Thanks for the heads up.  As a colonial, I'm afraid that I'm woefully unaware of the dates of the editions of the OED and, consequently, whether this edition is in the public domain.  I've guessing it's not due to the reference to CDROM -- a rather new-ish technology.

Here's my fork of the OKFN project: https://github.com/tfmorris/oed

The overarching goal is OCR, then crowdsource correct, a public domain edition of the Oxford English Dictionary.  Of course, the devil is in the details.  The OKFN's starting point is to use Internet Archive's ABBYY FineReader transcription, with which I'm somewhat unimpressed.  Nonetheless, I've been attempting to push that front as far as it will go as a starting point.  I have previous experience with reading/interpreting FineReader XML, so it's a relatively easy path to explore to start with.

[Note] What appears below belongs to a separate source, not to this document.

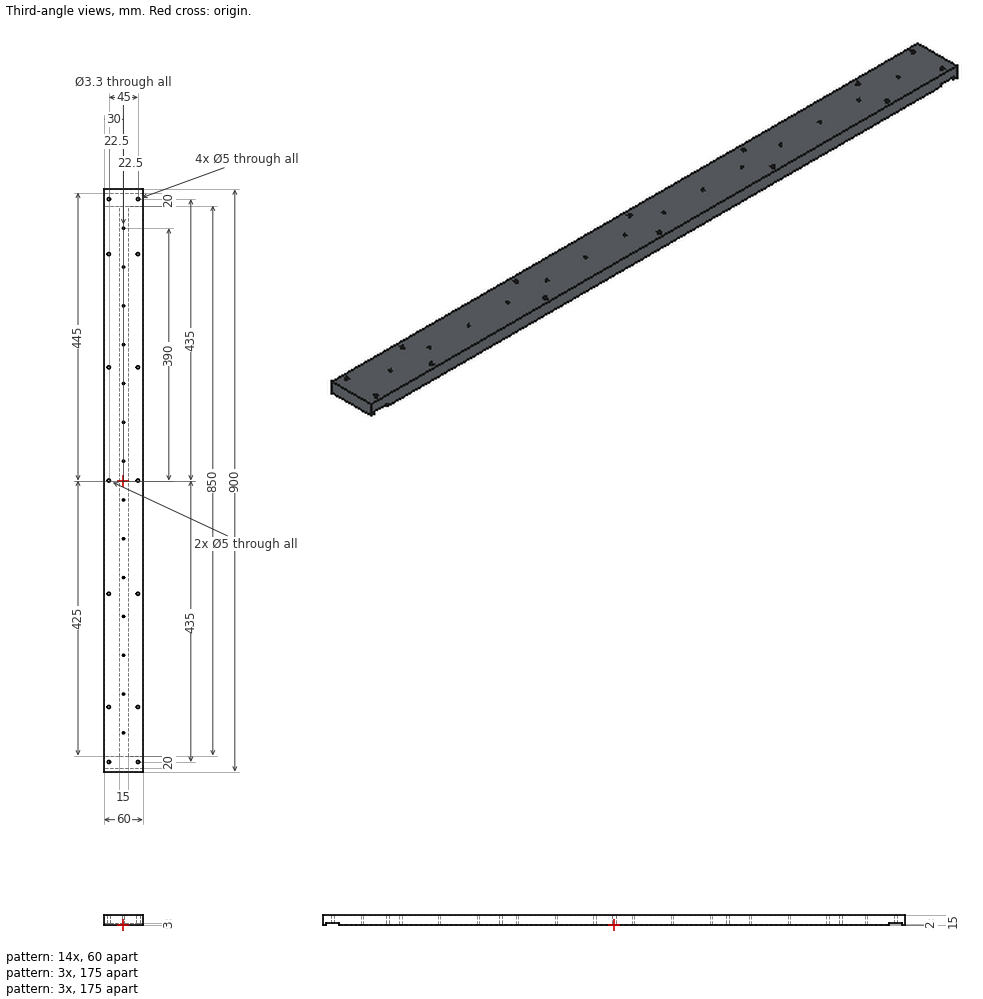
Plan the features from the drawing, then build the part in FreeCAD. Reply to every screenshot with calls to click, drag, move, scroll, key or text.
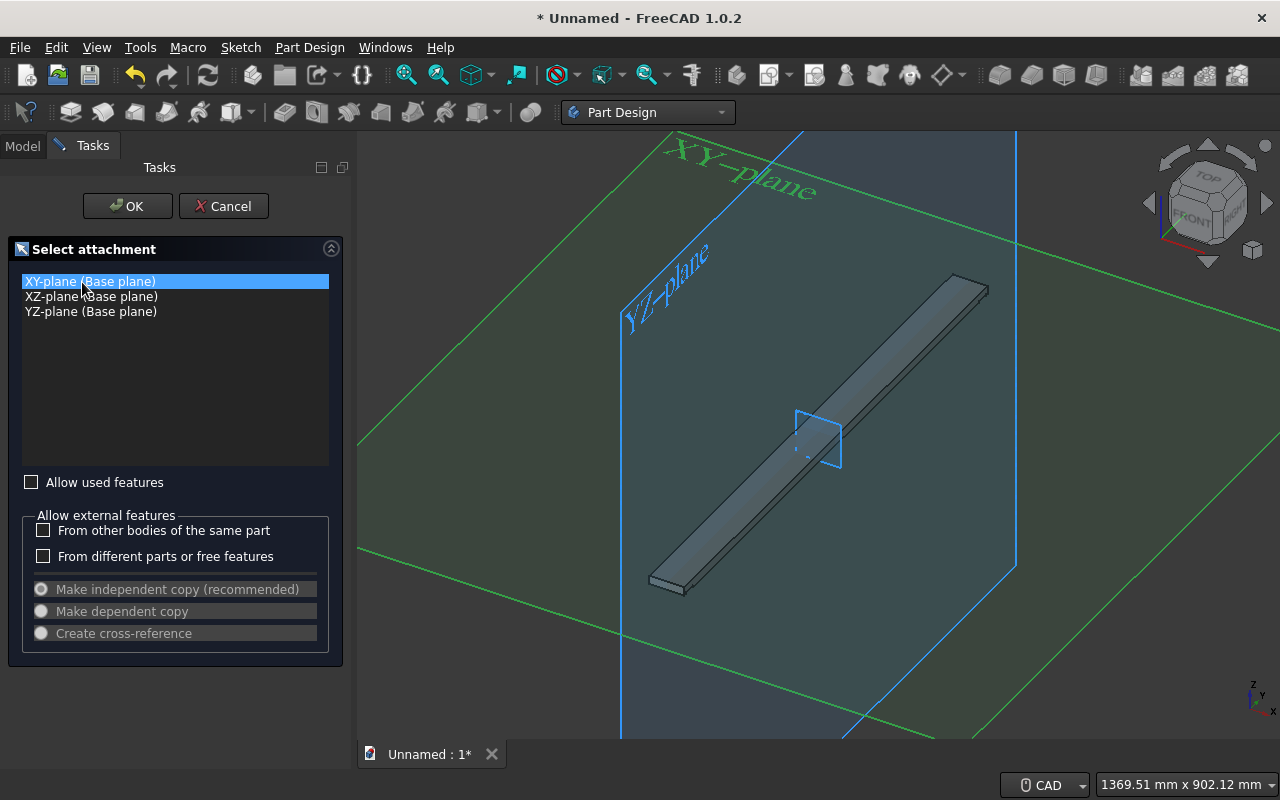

The ultimate pipeline will exploit lots of lexical, typographic, layout, and semantic information to generate starting canonical word entries to be corrected in some type of crowd sourcing environment.  I'm not an OCR expert, but love the multi-layered and machine + man approaches that this will require.

I've got hundreds of pages of vol. 1 HTML generated with color-coded low OCR accuracy highlighting, cleaned up layout, and a few other things.  I've committed to the OKFN that I'll get them up somewhere for folks to review (probably github.io).  Of course, I've only just scratched the surface of the analysis which will be required.  When I look at low accuracy segments, I find blocks of Persian and other languages, in additional to all other manner of variability.

I'd love to have more collaborators on this.  I should write up some more formal description of my current plan of attack and possible alternatives.  The OKFN isn't big on that kind for formality.  They're more in the "Let's do this thing!" kind of vein.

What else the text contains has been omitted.